%%
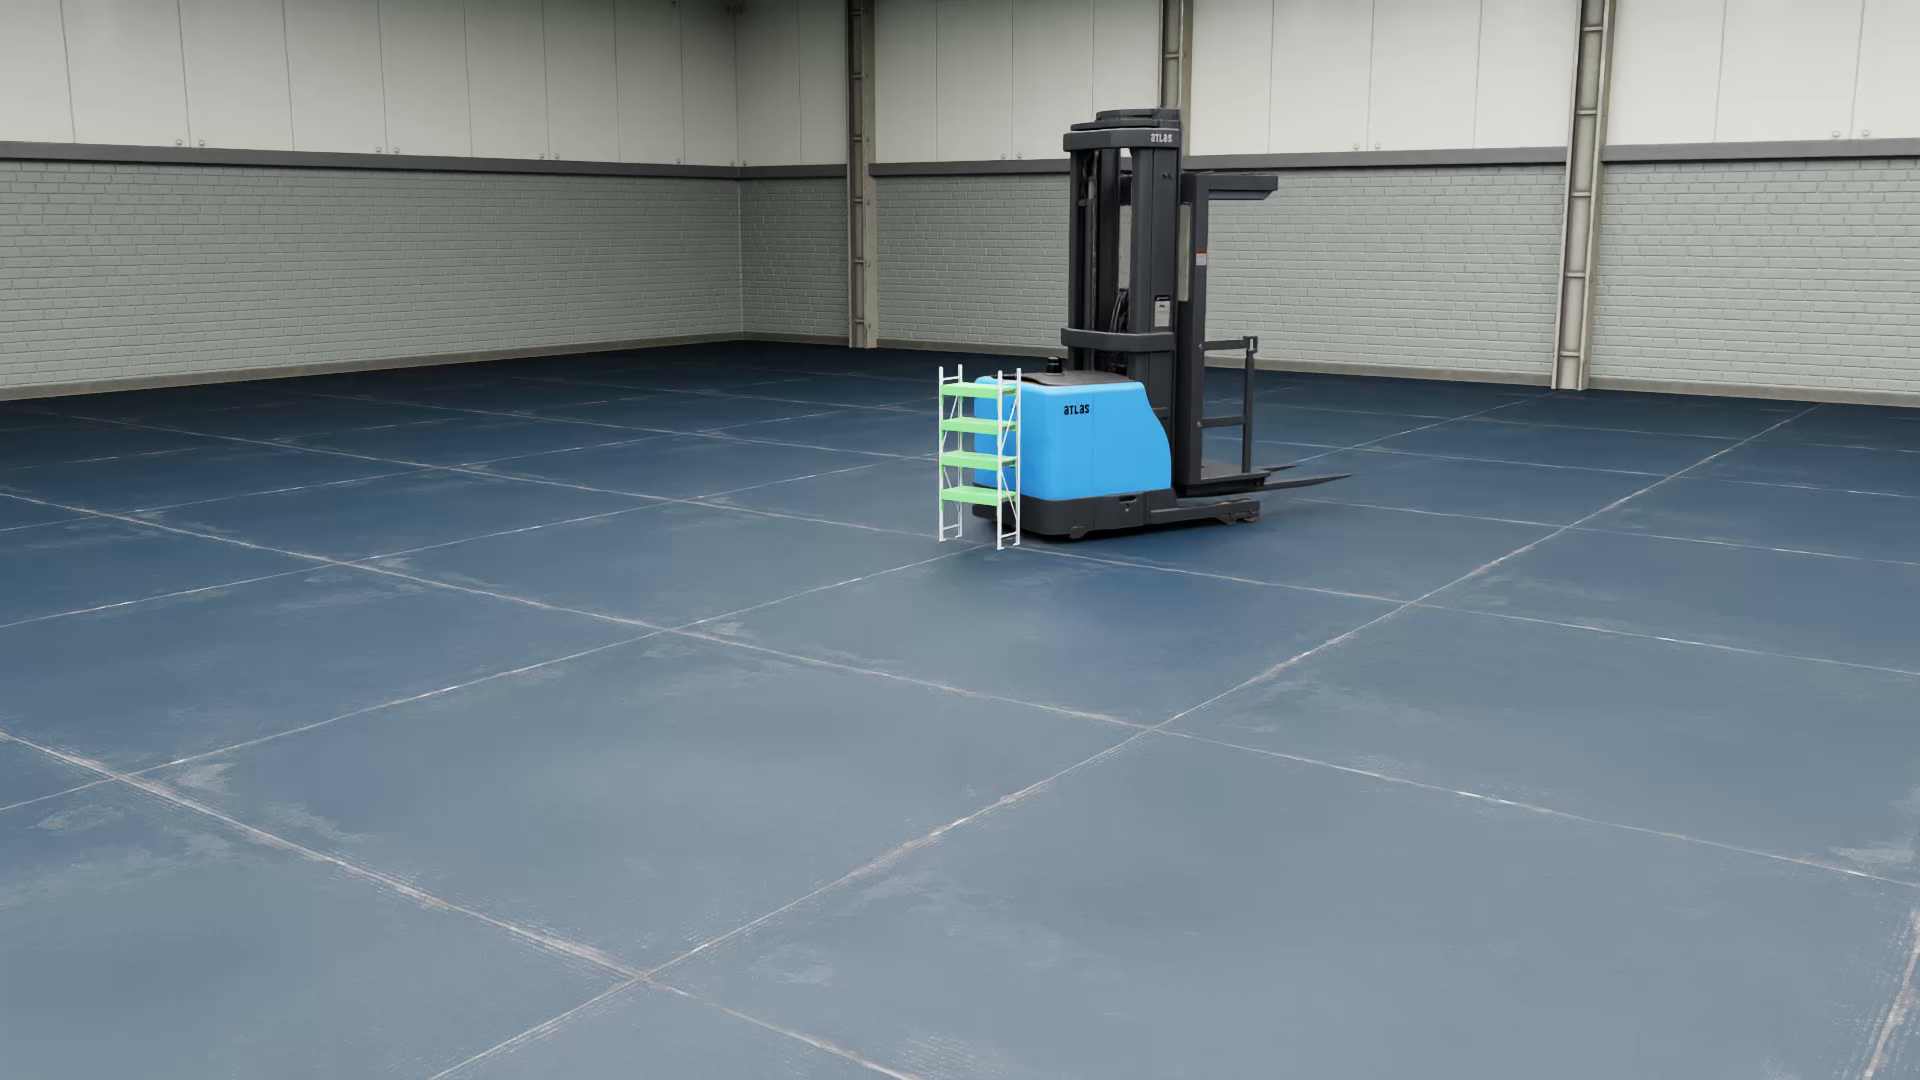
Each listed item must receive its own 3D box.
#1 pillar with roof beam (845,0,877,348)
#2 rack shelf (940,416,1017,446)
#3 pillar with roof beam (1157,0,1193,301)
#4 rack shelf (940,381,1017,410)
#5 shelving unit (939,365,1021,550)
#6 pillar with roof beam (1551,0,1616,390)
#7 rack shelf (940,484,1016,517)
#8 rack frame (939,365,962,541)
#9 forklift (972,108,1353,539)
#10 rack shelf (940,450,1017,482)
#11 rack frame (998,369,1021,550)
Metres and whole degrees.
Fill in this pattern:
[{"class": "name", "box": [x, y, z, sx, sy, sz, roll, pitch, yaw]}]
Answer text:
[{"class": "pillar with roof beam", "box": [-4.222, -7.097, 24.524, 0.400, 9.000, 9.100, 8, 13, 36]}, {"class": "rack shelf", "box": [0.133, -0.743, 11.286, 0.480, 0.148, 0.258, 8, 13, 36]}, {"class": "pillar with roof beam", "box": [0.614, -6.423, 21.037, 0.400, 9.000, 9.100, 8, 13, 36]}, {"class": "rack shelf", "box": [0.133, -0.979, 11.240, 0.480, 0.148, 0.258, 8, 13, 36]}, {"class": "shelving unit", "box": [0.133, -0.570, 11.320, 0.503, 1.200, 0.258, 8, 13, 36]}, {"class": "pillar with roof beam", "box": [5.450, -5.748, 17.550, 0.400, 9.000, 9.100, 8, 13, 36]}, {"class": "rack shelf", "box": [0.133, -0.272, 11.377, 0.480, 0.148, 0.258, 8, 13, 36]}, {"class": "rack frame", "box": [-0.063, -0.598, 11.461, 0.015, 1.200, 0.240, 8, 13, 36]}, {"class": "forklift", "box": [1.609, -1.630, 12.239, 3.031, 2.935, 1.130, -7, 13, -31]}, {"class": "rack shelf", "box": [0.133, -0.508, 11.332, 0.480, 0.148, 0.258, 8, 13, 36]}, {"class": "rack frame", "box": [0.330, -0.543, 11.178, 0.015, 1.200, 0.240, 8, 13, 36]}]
%%
Your answer must be the records above, copied exactly, with no pictures.

Each listed item must receive its own 3D box.
#1 pillar with roof beam (845,0,877,348)
#2 rack shelf (940,416,1017,446)
#3 pillar with roof beam (1157,0,1193,301)
#4 rack shelf (940,381,1017,410)
#5 shelving unit (939,365,1021,550)
#6 pillar with roof beam (1551,0,1616,390)
#7 rack shelf (940,484,1016,517)
#8 rack frame (939,365,962,541)
#9 forklift (972,108,1353,539)
#10 rack shelf (940,450,1017,482)
#11 rack frame (998,369,1021,550)
Metres and whole degrees.
Fill in this pattern:
[{"class": "name", "box": [x, y, z, sx, sy, sz, roll, pitch, yaw]}]
Answer text:
[{"class": "pillar with roof beam", "box": [-4.222, -7.097, 24.524, 0.400, 9.000, 9.100, 8, 13, 36]}, {"class": "rack shelf", "box": [0.133, -0.743, 11.286, 0.480, 0.148, 0.258, 8, 13, 36]}, {"class": "pillar with roof beam", "box": [0.614, -6.423, 21.037, 0.400, 9.000, 9.100, 8, 13, 36]}, {"class": "rack shelf", "box": [0.133, -0.979, 11.240, 0.480, 0.148, 0.258, 8, 13, 36]}, {"class": "shelving unit", "box": [0.133, -0.570, 11.320, 0.503, 1.200, 0.258, 8, 13, 36]}, {"class": "pillar with roof beam", "box": [5.450, -5.748, 17.550, 0.400, 9.000, 9.100, 8, 13, 36]}, {"class": "rack shelf", "box": [0.133, -0.272, 11.377, 0.480, 0.148, 0.258, 8, 13, 36]}, {"class": "rack frame", "box": [-0.063, -0.598, 11.461, 0.015, 1.200, 0.240, 8, 13, 36]}, {"class": "forklift", "box": [1.609, -1.630, 12.239, 3.031, 2.935, 1.130, -7, 13, -31]}, {"class": "rack shelf", "box": [0.133, -0.508, 11.332, 0.480, 0.148, 0.258, 8, 13, 36]}, {"class": "rack frame", "box": [0.330, -0.543, 11.178, 0.015, 1.200, 0.240, 8, 13, 36]}]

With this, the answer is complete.